→ Extracted records

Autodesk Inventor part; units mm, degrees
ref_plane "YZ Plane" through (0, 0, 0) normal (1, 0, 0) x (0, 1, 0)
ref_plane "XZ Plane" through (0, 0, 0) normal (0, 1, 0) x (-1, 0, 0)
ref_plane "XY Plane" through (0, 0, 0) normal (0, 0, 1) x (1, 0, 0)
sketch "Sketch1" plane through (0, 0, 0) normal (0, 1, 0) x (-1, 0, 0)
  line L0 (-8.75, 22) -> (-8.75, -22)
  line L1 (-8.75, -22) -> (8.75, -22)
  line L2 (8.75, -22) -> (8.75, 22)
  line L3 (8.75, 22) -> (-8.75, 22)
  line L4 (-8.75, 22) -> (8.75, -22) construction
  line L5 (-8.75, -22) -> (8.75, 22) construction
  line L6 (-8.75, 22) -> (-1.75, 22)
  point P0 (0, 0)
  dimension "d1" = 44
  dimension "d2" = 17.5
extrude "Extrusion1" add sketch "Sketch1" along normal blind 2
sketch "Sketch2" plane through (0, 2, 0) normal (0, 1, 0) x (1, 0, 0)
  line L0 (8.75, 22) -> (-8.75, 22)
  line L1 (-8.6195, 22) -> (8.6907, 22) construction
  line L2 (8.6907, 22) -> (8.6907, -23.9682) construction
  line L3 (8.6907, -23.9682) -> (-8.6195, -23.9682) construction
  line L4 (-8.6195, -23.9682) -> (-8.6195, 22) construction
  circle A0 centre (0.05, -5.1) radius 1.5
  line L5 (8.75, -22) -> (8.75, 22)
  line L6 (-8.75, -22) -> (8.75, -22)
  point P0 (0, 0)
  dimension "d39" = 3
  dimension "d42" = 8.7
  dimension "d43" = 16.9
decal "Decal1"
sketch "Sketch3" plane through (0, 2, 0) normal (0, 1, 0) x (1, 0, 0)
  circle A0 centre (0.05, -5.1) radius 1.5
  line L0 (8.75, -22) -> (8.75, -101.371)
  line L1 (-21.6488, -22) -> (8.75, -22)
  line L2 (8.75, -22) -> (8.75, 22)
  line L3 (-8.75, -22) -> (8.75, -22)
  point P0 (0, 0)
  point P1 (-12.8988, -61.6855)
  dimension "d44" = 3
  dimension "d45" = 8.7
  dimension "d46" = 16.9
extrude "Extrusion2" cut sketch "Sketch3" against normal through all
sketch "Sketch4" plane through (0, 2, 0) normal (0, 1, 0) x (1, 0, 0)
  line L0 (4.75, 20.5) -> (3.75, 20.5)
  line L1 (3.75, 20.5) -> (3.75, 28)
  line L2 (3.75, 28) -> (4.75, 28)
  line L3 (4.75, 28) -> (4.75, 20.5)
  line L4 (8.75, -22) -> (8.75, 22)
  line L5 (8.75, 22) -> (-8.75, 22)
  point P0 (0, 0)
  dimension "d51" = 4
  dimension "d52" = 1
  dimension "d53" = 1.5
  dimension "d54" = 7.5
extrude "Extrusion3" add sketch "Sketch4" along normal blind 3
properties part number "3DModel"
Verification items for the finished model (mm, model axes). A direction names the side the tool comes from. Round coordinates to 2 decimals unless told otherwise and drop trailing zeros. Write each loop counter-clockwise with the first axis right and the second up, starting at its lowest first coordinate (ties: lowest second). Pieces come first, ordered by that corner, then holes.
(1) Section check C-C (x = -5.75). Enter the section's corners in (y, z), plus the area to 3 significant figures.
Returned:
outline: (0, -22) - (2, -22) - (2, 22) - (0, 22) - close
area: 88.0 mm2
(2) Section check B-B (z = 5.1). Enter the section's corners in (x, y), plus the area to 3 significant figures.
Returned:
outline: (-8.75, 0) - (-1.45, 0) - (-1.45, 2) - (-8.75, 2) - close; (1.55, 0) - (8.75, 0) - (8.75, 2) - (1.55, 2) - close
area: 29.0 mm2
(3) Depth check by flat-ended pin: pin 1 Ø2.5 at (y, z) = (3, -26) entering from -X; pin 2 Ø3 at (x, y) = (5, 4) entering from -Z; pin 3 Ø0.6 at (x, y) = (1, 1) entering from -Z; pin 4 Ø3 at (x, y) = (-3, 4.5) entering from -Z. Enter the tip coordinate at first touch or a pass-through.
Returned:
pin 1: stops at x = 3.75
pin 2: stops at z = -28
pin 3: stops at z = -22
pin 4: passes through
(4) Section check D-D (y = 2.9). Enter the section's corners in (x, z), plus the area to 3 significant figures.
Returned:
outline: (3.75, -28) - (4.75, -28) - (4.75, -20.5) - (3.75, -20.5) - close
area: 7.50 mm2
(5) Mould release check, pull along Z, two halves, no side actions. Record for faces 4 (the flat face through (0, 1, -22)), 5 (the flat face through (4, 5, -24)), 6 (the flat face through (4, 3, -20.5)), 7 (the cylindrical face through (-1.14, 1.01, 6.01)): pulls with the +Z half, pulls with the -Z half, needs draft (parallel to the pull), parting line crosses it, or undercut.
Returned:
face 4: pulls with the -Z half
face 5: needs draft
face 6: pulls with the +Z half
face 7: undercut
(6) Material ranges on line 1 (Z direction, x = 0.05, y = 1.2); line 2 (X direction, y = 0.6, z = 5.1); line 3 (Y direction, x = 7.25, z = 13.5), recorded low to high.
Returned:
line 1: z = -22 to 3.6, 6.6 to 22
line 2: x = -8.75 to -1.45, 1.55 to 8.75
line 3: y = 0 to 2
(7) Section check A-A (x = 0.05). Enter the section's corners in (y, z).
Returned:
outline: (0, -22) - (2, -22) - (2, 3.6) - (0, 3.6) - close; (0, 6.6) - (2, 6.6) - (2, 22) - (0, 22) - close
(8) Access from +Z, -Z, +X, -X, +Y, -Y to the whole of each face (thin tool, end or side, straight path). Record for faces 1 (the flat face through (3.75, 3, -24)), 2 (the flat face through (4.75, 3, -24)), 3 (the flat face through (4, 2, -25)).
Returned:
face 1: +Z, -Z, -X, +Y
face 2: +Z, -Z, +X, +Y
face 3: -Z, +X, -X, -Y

* * *

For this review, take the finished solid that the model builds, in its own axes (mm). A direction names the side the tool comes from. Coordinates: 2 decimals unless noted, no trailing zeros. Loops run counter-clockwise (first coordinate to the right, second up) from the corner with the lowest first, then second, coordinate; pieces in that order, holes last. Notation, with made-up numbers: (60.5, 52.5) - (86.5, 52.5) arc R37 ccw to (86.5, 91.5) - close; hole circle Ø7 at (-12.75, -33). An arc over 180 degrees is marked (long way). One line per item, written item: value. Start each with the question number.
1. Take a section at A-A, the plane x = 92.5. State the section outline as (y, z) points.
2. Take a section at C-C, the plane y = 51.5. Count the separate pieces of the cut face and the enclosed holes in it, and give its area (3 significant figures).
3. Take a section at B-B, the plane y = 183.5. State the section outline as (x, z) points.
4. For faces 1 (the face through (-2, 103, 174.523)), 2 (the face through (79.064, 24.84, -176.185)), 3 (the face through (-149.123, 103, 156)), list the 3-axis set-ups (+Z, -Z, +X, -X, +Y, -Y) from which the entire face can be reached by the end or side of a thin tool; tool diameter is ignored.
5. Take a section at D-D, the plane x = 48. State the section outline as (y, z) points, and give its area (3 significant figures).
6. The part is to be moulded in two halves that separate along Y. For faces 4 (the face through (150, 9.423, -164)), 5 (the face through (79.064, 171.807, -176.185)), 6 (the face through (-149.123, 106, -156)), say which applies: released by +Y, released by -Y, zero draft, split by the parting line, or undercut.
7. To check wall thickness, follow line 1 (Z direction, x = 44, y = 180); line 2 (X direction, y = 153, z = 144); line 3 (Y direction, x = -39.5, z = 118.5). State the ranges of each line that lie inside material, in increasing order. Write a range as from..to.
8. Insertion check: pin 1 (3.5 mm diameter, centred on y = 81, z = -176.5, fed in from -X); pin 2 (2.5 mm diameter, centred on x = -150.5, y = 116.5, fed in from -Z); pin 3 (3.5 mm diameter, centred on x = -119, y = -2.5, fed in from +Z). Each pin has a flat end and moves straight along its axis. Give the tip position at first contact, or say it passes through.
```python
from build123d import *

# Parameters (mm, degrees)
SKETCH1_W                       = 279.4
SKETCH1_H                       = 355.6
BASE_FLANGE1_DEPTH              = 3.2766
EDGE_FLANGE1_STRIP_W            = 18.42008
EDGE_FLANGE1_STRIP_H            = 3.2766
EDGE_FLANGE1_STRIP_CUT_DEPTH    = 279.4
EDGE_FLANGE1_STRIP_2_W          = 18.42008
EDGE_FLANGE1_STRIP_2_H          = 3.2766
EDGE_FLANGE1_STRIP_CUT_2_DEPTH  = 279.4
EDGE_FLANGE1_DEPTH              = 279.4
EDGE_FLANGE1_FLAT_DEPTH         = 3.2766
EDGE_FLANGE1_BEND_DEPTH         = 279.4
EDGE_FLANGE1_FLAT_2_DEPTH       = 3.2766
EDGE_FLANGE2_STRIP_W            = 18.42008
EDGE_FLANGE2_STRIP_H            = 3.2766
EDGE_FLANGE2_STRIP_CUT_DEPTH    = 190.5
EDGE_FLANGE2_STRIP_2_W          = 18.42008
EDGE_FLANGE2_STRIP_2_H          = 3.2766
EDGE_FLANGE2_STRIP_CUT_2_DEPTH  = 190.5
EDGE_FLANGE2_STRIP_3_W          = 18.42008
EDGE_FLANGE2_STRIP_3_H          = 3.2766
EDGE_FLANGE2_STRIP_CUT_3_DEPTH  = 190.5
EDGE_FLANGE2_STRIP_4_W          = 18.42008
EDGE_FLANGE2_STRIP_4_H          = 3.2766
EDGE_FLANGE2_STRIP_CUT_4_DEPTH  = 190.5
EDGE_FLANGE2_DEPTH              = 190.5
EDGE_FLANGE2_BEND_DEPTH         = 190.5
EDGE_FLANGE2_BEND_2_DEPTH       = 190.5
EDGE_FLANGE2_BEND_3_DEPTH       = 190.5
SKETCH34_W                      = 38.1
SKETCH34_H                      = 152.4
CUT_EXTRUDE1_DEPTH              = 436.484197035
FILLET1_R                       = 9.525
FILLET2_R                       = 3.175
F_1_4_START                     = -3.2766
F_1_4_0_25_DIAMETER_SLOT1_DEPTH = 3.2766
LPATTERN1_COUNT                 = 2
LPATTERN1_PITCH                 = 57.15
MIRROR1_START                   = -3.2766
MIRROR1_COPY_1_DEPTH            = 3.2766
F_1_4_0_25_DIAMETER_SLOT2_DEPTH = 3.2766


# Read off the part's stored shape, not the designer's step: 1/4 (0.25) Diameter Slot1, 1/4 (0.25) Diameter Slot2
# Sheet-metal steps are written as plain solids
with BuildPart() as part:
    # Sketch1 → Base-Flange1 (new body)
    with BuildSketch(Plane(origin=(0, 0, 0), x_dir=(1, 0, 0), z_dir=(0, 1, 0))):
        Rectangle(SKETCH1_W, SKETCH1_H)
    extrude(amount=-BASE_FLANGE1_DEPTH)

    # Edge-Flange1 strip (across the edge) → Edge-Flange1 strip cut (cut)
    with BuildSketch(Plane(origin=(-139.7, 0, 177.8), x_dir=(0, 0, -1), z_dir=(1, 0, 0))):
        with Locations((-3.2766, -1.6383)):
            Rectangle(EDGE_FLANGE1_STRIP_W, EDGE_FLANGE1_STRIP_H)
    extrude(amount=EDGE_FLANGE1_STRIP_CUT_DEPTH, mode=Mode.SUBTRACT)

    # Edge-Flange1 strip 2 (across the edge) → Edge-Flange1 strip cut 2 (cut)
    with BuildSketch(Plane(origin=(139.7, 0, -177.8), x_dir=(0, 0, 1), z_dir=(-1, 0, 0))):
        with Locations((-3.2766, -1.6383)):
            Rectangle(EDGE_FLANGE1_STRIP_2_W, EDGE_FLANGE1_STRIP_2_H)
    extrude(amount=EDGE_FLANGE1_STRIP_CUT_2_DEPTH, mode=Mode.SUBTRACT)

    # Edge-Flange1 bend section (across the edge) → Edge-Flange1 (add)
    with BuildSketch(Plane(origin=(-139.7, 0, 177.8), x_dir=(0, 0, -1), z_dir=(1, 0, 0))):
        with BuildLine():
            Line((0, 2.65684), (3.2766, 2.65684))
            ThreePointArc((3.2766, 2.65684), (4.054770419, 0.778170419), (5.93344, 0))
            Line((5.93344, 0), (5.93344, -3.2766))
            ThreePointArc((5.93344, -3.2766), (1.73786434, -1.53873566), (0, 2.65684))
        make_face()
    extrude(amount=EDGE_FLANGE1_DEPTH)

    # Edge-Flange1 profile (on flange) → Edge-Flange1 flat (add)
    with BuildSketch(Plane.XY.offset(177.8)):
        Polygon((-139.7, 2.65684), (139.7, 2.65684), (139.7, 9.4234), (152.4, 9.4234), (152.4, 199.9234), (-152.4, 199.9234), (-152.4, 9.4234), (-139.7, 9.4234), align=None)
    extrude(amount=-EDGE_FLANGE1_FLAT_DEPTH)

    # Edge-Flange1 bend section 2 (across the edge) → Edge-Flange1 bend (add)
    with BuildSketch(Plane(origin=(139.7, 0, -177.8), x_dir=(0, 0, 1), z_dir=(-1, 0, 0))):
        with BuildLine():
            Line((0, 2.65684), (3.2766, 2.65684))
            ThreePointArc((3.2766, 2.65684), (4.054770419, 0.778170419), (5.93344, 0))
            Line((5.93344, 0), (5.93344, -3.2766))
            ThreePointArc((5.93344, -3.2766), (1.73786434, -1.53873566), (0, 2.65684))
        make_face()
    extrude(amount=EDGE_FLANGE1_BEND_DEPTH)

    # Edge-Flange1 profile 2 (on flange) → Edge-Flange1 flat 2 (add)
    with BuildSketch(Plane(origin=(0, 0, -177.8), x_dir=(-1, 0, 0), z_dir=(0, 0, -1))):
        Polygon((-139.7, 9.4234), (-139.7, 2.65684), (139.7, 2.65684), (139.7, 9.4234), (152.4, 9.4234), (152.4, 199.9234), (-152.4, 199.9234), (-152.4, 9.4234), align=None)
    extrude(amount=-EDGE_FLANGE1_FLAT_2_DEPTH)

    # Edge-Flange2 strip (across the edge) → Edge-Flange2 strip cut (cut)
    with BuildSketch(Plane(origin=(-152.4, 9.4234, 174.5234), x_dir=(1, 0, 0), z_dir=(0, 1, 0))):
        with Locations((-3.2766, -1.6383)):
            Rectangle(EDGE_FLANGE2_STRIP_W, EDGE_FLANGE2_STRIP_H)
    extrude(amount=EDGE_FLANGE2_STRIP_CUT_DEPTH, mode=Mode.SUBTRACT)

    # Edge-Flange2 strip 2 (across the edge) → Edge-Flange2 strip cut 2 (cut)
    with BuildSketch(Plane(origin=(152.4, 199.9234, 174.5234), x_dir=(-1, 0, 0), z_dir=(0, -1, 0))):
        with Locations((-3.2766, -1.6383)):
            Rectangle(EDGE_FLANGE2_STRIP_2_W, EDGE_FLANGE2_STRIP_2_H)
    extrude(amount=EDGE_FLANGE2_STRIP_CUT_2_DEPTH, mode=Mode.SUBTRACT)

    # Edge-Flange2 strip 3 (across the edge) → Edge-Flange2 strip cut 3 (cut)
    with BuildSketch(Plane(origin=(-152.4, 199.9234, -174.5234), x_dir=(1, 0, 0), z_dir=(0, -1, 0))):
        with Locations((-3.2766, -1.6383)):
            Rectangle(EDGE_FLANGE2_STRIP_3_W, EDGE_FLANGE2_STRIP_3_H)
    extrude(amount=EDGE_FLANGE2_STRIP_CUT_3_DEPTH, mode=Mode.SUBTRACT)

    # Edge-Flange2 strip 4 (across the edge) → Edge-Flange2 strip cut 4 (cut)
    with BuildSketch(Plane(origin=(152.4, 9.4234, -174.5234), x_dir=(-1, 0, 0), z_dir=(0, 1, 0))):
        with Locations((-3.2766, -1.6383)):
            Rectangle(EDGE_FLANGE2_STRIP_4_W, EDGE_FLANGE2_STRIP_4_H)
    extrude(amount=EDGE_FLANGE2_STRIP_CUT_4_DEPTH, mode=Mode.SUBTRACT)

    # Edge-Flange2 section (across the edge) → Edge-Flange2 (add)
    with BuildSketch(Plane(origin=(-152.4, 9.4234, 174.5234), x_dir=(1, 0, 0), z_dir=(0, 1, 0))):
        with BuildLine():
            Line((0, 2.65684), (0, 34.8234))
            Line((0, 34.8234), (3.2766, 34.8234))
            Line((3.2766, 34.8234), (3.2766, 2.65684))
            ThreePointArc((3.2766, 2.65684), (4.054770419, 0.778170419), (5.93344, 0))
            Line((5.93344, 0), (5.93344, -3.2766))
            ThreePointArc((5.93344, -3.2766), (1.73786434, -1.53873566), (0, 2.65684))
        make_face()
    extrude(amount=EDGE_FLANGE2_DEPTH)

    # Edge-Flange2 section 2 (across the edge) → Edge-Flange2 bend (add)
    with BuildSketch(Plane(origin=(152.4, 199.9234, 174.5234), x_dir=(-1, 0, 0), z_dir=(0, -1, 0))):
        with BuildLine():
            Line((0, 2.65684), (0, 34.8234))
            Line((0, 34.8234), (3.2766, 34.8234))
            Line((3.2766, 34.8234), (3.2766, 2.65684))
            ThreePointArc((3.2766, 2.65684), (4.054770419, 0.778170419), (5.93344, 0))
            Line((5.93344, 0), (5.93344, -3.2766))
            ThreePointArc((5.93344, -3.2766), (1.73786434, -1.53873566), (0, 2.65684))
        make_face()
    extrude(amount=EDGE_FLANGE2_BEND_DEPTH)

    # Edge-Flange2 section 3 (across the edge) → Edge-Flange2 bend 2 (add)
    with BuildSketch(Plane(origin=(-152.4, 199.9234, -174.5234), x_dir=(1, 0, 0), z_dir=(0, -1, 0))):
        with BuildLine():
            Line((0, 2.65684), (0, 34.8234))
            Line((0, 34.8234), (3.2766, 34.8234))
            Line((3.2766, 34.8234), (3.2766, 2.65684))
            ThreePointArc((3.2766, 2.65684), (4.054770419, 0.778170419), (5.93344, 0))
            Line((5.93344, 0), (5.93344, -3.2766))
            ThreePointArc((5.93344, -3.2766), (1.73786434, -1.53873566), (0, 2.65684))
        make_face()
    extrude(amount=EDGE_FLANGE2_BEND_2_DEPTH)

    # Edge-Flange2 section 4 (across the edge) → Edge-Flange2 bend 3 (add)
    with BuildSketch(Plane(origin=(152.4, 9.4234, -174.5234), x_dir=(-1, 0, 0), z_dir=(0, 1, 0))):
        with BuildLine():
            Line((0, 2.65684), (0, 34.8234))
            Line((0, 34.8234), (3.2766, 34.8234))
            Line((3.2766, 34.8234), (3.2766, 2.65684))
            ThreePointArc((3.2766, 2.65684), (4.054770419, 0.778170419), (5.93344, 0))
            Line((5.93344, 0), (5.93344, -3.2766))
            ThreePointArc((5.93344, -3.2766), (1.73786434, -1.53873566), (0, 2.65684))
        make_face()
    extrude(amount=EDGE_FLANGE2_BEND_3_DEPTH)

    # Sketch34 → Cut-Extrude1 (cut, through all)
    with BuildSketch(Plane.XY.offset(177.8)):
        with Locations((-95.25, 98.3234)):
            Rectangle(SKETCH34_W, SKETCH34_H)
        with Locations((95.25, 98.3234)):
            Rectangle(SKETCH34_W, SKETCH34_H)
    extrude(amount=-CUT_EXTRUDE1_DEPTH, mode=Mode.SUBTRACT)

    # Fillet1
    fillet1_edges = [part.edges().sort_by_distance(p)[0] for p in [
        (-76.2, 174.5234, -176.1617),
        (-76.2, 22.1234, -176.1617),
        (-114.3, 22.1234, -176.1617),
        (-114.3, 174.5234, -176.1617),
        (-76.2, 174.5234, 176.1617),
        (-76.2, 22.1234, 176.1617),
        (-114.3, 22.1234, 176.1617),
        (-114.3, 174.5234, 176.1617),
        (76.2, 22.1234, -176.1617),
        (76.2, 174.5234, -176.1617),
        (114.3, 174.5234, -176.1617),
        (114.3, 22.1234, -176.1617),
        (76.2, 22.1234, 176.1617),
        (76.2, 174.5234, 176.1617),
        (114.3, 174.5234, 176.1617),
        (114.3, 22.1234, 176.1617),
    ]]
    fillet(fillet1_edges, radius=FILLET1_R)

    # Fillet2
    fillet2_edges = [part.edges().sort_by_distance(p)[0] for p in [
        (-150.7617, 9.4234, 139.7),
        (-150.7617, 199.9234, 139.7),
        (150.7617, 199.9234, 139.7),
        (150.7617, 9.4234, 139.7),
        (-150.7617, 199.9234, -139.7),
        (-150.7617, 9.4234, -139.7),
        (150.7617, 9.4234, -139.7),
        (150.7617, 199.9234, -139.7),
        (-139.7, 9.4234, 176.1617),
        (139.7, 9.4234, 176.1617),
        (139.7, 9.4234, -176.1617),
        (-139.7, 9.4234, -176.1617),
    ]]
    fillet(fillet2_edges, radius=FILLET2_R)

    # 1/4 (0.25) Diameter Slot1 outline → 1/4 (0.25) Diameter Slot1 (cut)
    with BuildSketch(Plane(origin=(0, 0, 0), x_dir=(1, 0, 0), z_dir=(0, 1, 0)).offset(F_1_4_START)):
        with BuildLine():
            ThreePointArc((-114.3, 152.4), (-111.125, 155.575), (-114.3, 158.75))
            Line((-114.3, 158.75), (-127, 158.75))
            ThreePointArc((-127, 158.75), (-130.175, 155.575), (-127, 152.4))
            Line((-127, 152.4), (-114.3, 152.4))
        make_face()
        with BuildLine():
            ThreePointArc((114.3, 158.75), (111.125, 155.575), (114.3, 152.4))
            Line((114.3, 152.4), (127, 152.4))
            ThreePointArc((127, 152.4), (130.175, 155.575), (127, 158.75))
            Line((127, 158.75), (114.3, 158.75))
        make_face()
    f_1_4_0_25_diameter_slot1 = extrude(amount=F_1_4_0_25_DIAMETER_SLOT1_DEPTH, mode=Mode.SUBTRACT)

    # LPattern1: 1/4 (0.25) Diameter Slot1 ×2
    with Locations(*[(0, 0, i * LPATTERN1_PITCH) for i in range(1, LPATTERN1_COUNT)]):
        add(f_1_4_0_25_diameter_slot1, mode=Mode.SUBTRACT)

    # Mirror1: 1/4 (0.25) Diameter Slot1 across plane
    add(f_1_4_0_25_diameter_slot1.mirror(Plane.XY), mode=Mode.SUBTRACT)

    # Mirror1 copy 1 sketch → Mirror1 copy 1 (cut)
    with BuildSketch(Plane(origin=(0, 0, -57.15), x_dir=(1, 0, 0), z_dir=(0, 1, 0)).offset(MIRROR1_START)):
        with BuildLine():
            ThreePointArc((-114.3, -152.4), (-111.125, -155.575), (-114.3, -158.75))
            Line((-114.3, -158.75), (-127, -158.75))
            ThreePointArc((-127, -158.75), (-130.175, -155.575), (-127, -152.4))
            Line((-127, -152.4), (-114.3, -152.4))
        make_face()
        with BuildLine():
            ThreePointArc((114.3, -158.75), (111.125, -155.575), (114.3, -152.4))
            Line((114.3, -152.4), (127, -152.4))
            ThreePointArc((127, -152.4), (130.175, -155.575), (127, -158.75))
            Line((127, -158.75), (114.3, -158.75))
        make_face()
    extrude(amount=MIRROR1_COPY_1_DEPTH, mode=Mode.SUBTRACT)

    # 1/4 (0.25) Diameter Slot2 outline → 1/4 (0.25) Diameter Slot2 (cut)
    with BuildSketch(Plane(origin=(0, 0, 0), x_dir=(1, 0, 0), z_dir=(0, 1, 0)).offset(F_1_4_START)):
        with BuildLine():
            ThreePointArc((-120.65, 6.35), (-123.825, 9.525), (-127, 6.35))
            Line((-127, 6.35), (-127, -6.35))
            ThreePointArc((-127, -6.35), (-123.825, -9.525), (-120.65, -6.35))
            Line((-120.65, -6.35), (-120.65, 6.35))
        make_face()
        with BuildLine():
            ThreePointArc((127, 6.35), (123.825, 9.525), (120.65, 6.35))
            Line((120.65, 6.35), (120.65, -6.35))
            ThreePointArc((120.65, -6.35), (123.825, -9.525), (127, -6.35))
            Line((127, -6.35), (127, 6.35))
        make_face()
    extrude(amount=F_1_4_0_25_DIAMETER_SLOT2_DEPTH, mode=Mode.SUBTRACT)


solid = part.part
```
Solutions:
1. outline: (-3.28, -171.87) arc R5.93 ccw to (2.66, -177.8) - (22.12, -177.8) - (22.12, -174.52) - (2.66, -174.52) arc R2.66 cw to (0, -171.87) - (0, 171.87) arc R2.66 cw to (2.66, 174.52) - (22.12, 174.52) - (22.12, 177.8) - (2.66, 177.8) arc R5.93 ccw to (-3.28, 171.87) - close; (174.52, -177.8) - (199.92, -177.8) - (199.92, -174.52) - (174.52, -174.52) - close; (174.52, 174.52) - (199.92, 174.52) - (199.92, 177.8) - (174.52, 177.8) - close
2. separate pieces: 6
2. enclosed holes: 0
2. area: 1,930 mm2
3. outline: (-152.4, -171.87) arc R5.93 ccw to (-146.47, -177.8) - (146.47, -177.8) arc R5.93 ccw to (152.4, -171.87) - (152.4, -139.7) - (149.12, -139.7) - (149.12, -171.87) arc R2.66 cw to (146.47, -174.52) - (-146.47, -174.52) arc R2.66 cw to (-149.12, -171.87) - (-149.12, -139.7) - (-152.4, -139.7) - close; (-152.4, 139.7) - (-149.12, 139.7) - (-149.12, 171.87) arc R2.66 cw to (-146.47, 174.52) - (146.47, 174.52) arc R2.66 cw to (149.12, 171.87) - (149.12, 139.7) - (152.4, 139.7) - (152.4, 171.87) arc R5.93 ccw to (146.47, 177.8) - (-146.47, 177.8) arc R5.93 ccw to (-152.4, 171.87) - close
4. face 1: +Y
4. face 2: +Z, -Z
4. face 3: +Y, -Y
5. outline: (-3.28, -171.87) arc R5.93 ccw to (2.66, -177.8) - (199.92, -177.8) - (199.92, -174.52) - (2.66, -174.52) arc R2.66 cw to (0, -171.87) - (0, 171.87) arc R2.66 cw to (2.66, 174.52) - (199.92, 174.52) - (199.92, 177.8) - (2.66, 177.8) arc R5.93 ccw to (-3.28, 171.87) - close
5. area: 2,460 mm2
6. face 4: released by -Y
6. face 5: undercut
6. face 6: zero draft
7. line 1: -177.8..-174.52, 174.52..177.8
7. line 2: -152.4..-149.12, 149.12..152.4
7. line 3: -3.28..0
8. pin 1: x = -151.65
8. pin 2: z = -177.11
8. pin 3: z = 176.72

→ What you have to do
Determine the number of lines in the listing that contain the string "State". Write that number and nothing else.

→ Answer
4